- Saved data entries
+===+

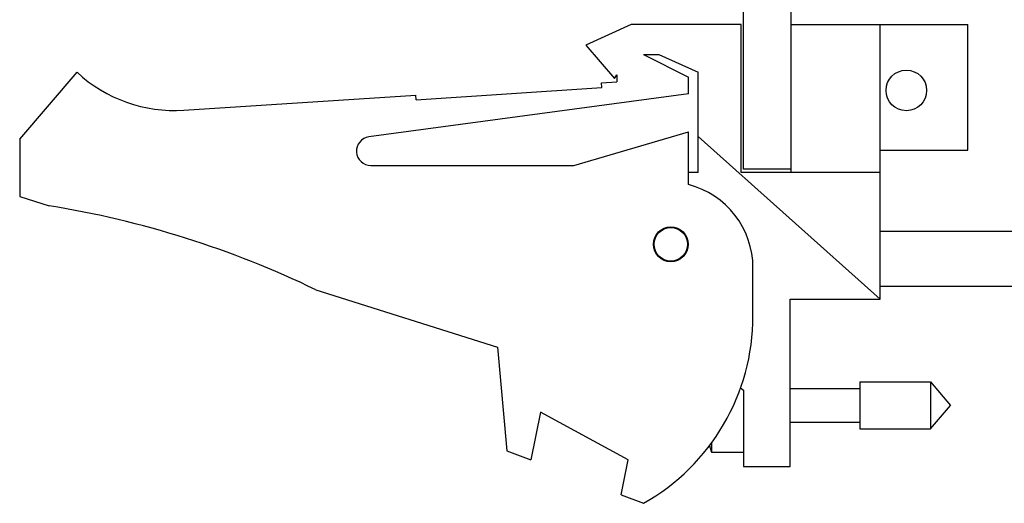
# Model space of a CAD drawing. Header units: inches. Extents: x 0.2 to 16.8, y 0.1 to 10.8.
# Tile 2 of 12: x 9.3 to 11.4, y 3.5 to 4.5. Entities that reach past the tile are written whole.
import ezdxf

# ---------------------------------------------------------------- set-up
doc = ezdxf.new("R2010")
doc.units = ezdxf.units.IN
doc.header["$LTSCALE"] = 0.935
doc.header["$MEASUREMENT"] = 0
doc.layers.get('0').update_dxf_attribs({"linetype": 'CONTINUOUS'})

msp = doc.modelspace()

# ---------------------------------------------------------------- linework, layer by layer
at = {"color": 7, "linetype": 'CONTINUOUS'}
for p, q in [((10.8464, 4.2317), (10.8464, 8.6752)), ((10.9464, 4.2247), (10.9464, 8.6747)), ((10.6114, 4.5347), (10.5164, 4.4917)), ((10.8414, 4.5347), (10.6114, 4.5347)), ((10.8414, 4.2247), (10.8414, 4.5347)), ((10.9464, 4.5347), (11.3164, 4.5347)), ((11.1324, 3.9597), (11.1324, 4.5347)), ((11.3164, 4.2717), (11.3164, 4.5347)), ((10.5164, 4.4917), (10.5764, 4.4217)), ((10.6374, 4.4717), (10.6696, 4.4717)), ((10.6374, 4.4717), (10.7314, 4.4247)), ((10.6696, 4.4717), (10.7514, 4.4347)), ((9.3314, 4.2947), (9.4514, 4.4347)), ((10.7514, 4.2247), (10.7514, 4.4347)), ((10.5495, 4.4126), (10.5814, 4.4147)), ((10.5501, 4.4026), (10.5495, 4.4126)), ((10.5764, 4.4217), (10.5814, 4.4292)), ((10.5814, 4.4292), (10.5814, 4.4147)), ((10.7314, 4.3897), (10.7314, 4.4247)), ((10.161, 4.3771), (10.5501, 4.4026)), ((9.675, 4.3553), (10.1603, 4.3871)), ((10.7314, 4.3897), (10.0624, 4.2994)), ((10.161, 4.3771), (10.1603, 4.3871)), ((10.4914, 4.2397), (10.7314, 4.3097)), ((10.7314, 4.1997), (10.7314, 4.3097)), ((9.3314, 4.2947), (9.3314, 4.1747)), ((11.1324, 3.9597), (10.7514, 4.3003)), ((11.1324, 4.2717), (11.3164, 4.2717)), ((10.0664, 4.2397), (10.4914, 4.2397)), ((10.9464, 4.2317), (10.8464, 4.2317)), ((10.7514, 4.2247), (10.7314, 4.2247)), ((11.1324, 4.2247), (10.8414, 4.2247)), ((9.3314, 4.1747), (9.3934, 4.1552)), ((11.1324, 4.1022), (11.7824, 4.1022)), ((10.8664, 3.9247), (10.8664, 4.0254)), ((9.9514, 3.9794), (10.3314, 3.8597)), ((11.1324, 3.9872), (11.7824, 3.9872)), ((10.9444, 3.9597), (11.1324, 3.9597)), ((10.9444, 3.6097), (10.9444, 3.9597)), ((10.3314, 3.8597), (10.3514, 3.6427)), ((10.8406, 3.7745), (10.8464, 3.7697)), ((10.9444, 3.7727), (11.0901, 3.7727)), ((11.0901, 3.7869), (11.2382, 3.7869)), ((11.0901, 3.7869), (11.0901, 3.6885)), ((11.2382, 3.7869), (11.2795, 3.7377)), ((11.2382, 3.7869), (11.2382, 3.6885)), ((10.8464, 3.7697), (10.8464, 3.6097)), ((11.2382, 3.6885), (11.2795, 3.7377)), ((10.4214, 3.7235), (10.4014, 3.6235)), ((10.6054, 3.6235), (10.4214, 3.7235)), ((10.9444, 3.7027), (11.0901, 3.7027)), ((11.0901, 3.6885), (11.2382, 3.6885)), ((10.7795, 3.659), (10.7795, 3.6397)), ((10.3514, 3.6427), (10.4014, 3.6235)), ((10.7795, 3.6397), (10.8464, 3.6397)), ((10.5908, 3.5506), (10.6054, 3.6235)), ((10.8464, 3.6097), (10.9444, 3.6097)), ((10.5908, 3.5506), (10.6374, 3.5327))]:
    msp.add_line(p, q, dxfattribs=at)
for centre, radius in [((11.1874, 4.3967), 0.0425), ((10.6944, 4.0747), 0.0365), ((10.6944, 4.0747), 0.035)]:
    msp.add_circle(centre, radius, dxfattribs=at)
for centre, radius, start, end in [((9.6554, 4.6547), 0.3, 227.1666, 273.7467), ((10.0664, 4.2697), 0.03, 97.6845, 270), ((10.6864, 4.0254), 0.18, 0, 75.5225), ((9.0701, 2.1552), 2.026, 64.2145, 80.8167), ((10.4164, 3.9247), 0.45, 299.4136, 360), ((11.0767, 3.7377), 0.313, 195.5931, 198.2523)]:
    msp.add_arc(centre, radius, start, end, dxfattribs=at)

doc.saveas('drawing.dxf')

+===+

Starting from the line that contains "msp.add_circle(centre, radius, dxfattribs=at)", give again every line to the last line of the data, exactly. Include nothing else.

    msp.add_circle(centre, radius, dxfattribs=at)
for centre, radius, start, end in [((9.6554, 4.6547), 0.3, 227.1666, 273.7467), ((10.0664, 4.2697), 0.03, 97.6845, 270), ((10.6864, 4.0254), 0.18, 0, 75.5225), ((9.0701, 2.1552), 2.026, 64.2145, 80.8167), ((10.4164, 3.9247), 0.45, 299.4136, 360), ((11.0767, 3.7377), 0.313, 195.5931, 198.2523)]:
    msp.add_arc(centre, radius, start, end, dxfattribs=at)

doc.saveas('drawing.dxf')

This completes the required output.